Sunday, January 1, 2012

Innocence and Adoration

I had myself convinced that I didn't need her and she was just a poison. Mostly, I don't miss her. I found a recording of her singing with so much passion and sadness that it made unintentional tears fall. But I miss the mommy that tucked me into bed and sang me to sleep. I need her so bad....... I need the warm feeling that her love gave to me, if there's anything there still at all. 

My memories of having a whole family are so soft and secure, even when tragedy was befalling me. I miss coming home from school to a fresh loaf of bread my mom had baked, still warm from the oven with a thin layer of butter on it. I miss locking myself in her closet while everyone was playing to wear her high heals and smell her perfume. I would pull down the large box of change that my parents had saved for vacation and wiggle my fingers down under the cold coins until my hand was completely buried. 

I would move to the deepest part of the closet, under my dad's dress shirts and hide against the wall as I slipped on his huge rubber boots. I would run my fingers across the white metal bars above my head and they would sing to me. I was happy to just lie there and smell the carpet that was infused with my parents' smell. And sometimes I would even sneak various items from my dad's office into my sanctuary and spend hours observing them.

Then I would transpire from my cave back into there bedroom, and rest my head on one of the cold, wooden banisters that extended from the corners of their king bed and trace my fingers over the fancy carving, working my way to the very bottom, where the wood met the carpet. I would lie on my back and thrust myself under the bed and reach through the holes in the box springs because the air inside was always a little cooler and I liked that. 

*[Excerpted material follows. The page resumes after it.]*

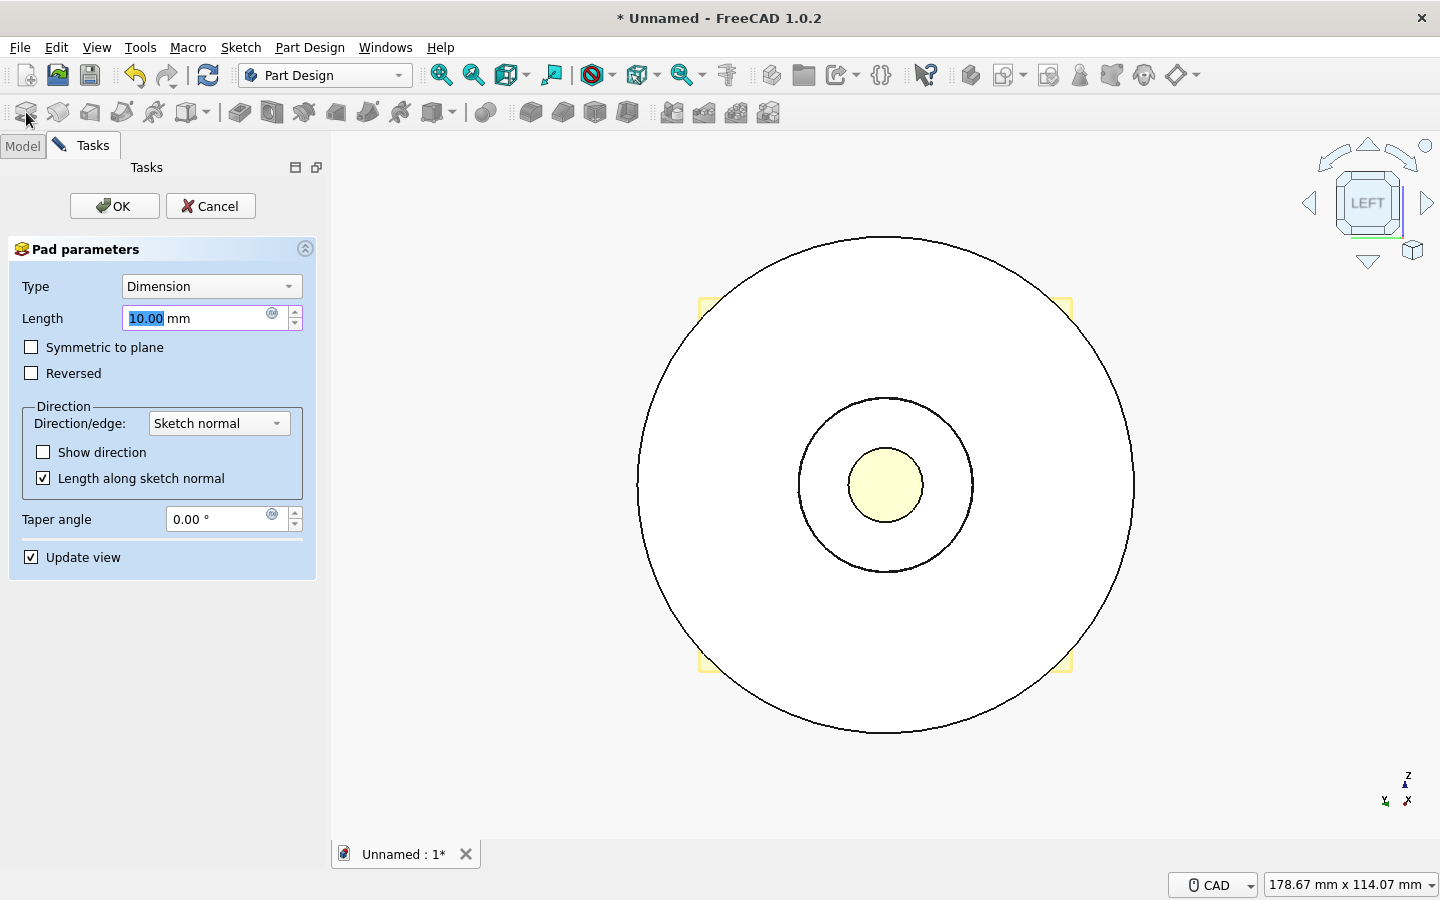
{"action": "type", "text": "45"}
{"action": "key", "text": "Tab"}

Several times a week I would open the chest at the end of their bed and pull out my mom's wedding dress. It was so beautiful, encrusted with shiny jewels and pearls and poofy shoulders. It was the most lovely item of clothing I had ever held in my hands. It smelled of the old musty wood and love notes at the bottom of the box. 

I loved sneaking into my dad's office that was off limits. It smelled thickly of his the fancy tobacco that he would smoke in the evenings while he chatted on the phone to his brothers. I would glide my fingers across his grandfather's antique encyclopedias, collecting a thick layer of dust on my fingers. And playing with his Mt. St. Helen volcanic ash never got old, and the fineness of the powder caused it to move in a very intriguing way that I still haven't gotten over.

After the bookcases lost my interest I would pick up the small cardboard box of my dad's agates he had collect over his many years spent searching in Yellowstone and lick them so they would turn into an opaque glass with ripples through them. And I would hold them up to the window until I found my favorite one. 

At night we would sit on the steps of the porch while my parents rocked together on the porch swing and we would watch the sun set as we ate fruit. In the summer, my favorite was watermelon. The juices would leave a sticky beard from my lack of etiquette as the coolness of the night set in and the mosquitoes started to buzz followed by the passing of the loud mosquito sprayers that crawled down the city roads in the evenings. 

I loved examining the old wooden school desks with initials carved in them where I learned my multiplication tables and how to write my name in cursive. I would dip my fingers into the built in well that once upon a time was used as an ink holder and pretend that I was Laura Engles. I would lift the top of the desk up to look at my neatly stacked, shiny books. And I loved learning everything and how proud my parents were of me because I always got every answer right. 

Some days when my mom was doing laundry I would sneak into the laundry room during the middle of the cycle and lie across the washer and dryer waiting to empty them because my parents would let me keep the money that I found. The money that they purposefully left in their pockets after noticing all my efforts to look for it. And I would usually buy a barbie with it that I would never play with because I already had a whole town packed away in giant clear containers in the sun room that attached the washing room to the rest of the house. 

And when my dad said it was time for bed I knew he was giving me a head start. I would run as  fast as I could up the stairs and shut my door, and then run into the closet and shut the door. My heart would start to pound because I could hear him stomping up the stairs singing, "Fe, fi, fo, fum. I smell the blood of an English mum. Be he red or be he in bed!" Then it would get silent and the door knob would twist and he would look in, pretending not to find me. When I was sure he had given up, he would reach under the pile of clothes I had thrown over me and pull me out by my feet, throwing me onto the bed and tickling me just enough not to make me mad. Then he would tuck the covers around me and place his hand on my forehead and pray over my dreams. After a peck on my cheek, he would rise off the side of the bed and flip my light on, and leave for work for the night. 

Nothing ever felt out of place or cold as long as they were around. They'll probably never understand how much I adored them either. And I wish that time hadn't stolen that adoration of a shy little girl that woke up in a new world every day.